- _Instructions to follow_:
Without its pictures, the listing below is to be transcribed exactly.

[[ Source material, beginning ]]

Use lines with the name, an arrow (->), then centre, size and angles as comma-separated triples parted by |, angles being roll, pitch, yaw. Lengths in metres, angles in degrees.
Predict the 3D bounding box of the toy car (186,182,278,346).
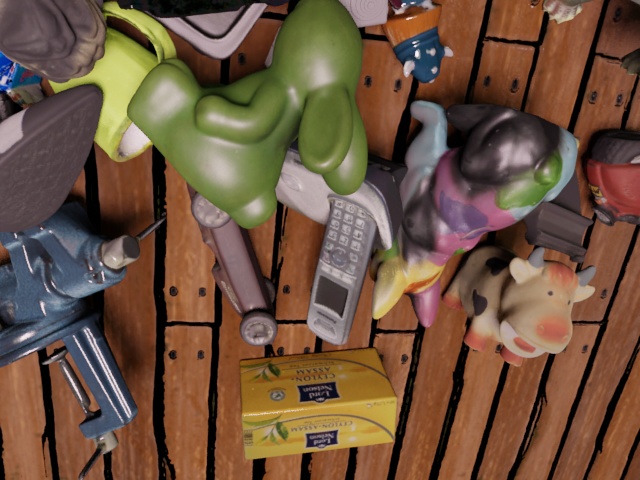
toy car -> -0.086, 0.018, 0.539 | 0.053, 0.089, 0.201 | -16, 116, -3

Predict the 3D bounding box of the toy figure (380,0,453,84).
toy figure -> 0.082, -0.219, 0.483 | 0.064, 0.058, 0.154 | -12, 119, 2

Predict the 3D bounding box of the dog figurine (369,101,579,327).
dog figurine -> 0.126, -0.012, 0.517 | 0.108, 0.192, 0.219 | 12, 99, -34

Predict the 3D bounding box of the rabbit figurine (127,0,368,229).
rabbit figurine -> -0.032, -0.102, 0.404 | 0.170, 0.121, 0.159 | -43, 72, 12

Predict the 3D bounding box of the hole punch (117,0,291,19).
hole punch -> -0.080, -0.225, 0.368 | 0.142, 0.092, 0.115 | -12, 146, -7

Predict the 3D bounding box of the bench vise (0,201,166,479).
bench vise -> -0.236, 0.091, 0.516 | 0.224, 0.129, 0.240 | -22, 97, 9

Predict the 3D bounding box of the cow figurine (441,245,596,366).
cow figurine -> 0.198, 0.056, 0.545 | 0.085, 0.195, 0.127 | 20, 105, -5

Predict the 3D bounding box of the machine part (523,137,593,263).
machine part -> 0.236, -0.050, 0.545 | 0.084, 0.039, 0.139 | 16, 66, -17

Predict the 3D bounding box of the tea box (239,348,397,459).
tea box -> -0.006, 0.184, 0.619 | 0.170, 0.098, 0.068 | -4, 114, -10

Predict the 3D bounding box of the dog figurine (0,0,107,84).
dog figurine -> -0.224, -0.213, 0.348 | 0.190, 0.121, 0.172 | 16, 99, -37

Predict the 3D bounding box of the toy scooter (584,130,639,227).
toy scooter -> 0.371, -0.053, 0.595 | 0.184, 0.075, 0.135 | -5, 115, -13

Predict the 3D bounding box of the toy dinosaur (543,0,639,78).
toy dinosaur -> 0.260, -0.291, 0.409 | 0.131, 0.192, 0.404 | -24, 116, -1

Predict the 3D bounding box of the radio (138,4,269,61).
radio -> -0.136, -0.255, 0.420 | 0.229, 0.073, 0.131 | 31, 105, -20

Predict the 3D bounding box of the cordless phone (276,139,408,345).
cordless phone -> -0.002, -0.002, 0.519 | 0.147, 0.089, 0.184 | 25, 113, 28

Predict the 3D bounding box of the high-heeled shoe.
high-heeled shoe -> -0.291, -0.061, 0.419 | 0.145, 0.086, 0.249 | 43, 86, 13

[[ Source material, end ]]

- _Problem solution_:
Use lines with the name, an arrow (->), then centre, size and angles as comma-separated triples parted by |, angles being roll, pitch, yaw. Lengths in metres, angles in degrees.
Predict the 3D bounding box of the toy car (186,182,278,346).
toy car -> -0.086, 0.018, 0.539 | 0.053, 0.089, 0.201 | -16, 116, -3

Predict the 3D bounding box of the toy figure (380,0,453,84).
toy figure -> 0.082, -0.219, 0.483 | 0.064, 0.058, 0.154 | -12, 119, 2

Predict the 3D bounding box of the dog figurine (369,101,579,327).
dog figurine -> 0.126, -0.012, 0.517 | 0.108, 0.192, 0.219 | 12, 99, -34

Predict the 3D bounding box of the rabbit figurine (127,0,368,229).
rabbit figurine -> -0.032, -0.102, 0.404 | 0.170, 0.121, 0.159 | -43, 72, 12

Predict the 3D bounding box of the hole punch (117,0,291,19).
hole punch -> -0.080, -0.225, 0.368 | 0.142, 0.092, 0.115 | -12, 146, -7

Predict the 3D bounding box of the bench vise (0,201,166,479).
bench vise -> -0.236, 0.091, 0.516 | 0.224, 0.129, 0.240 | -22, 97, 9

Predict the 3D bounding box of the cow figurine (441,245,596,366).
cow figurine -> 0.198, 0.056, 0.545 | 0.085, 0.195, 0.127 | 20, 105, -5

Predict the 3D bounding box of the machine part (523,137,593,263).
machine part -> 0.236, -0.050, 0.545 | 0.084, 0.039, 0.139 | 16, 66, -17

Predict the 3D bounding box of the tea box (239,348,397,459).
tea box -> -0.006, 0.184, 0.619 | 0.170, 0.098, 0.068 | -4, 114, -10

Predict the 3D bounding box of the dog figurine (0,0,107,84).
dog figurine -> -0.224, -0.213, 0.348 | 0.190, 0.121, 0.172 | 16, 99, -37

Predict the 3D bounding box of the toy scooter (584,130,639,227).
toy scooter -> 0.371, -0.053, 0.595 | 0.184, 0.075, 0.135 | -5, 115, -13

Predict the 3D bounding box of the toy dinosaur (543,0,639,78).
toy dinosaur -> 0.260, -0.291, 0.409 | 0.131, 0.192, 0.404 | -24, 116, -1

Predict the 3D bounding box of the radio (138,4,269,61).
radio -> -0.136, -0.255, 0.420 | 0.229, 0.073, 0.131 | 31, 105, -20

Predict the 3D bounding box of the cordless phone (276,139,408,345).
cordless phone -> -0.002, -0.002, 0.519 | 0.147, 0.089, 0.184 | 25, 113, 28

Predict the 3D bounding box of the high-heeled shoe.
high-heeled shoe -> -0.291, -0.061, 0.419 | 0.145, 0.086, 0.249 | 43, 86, 13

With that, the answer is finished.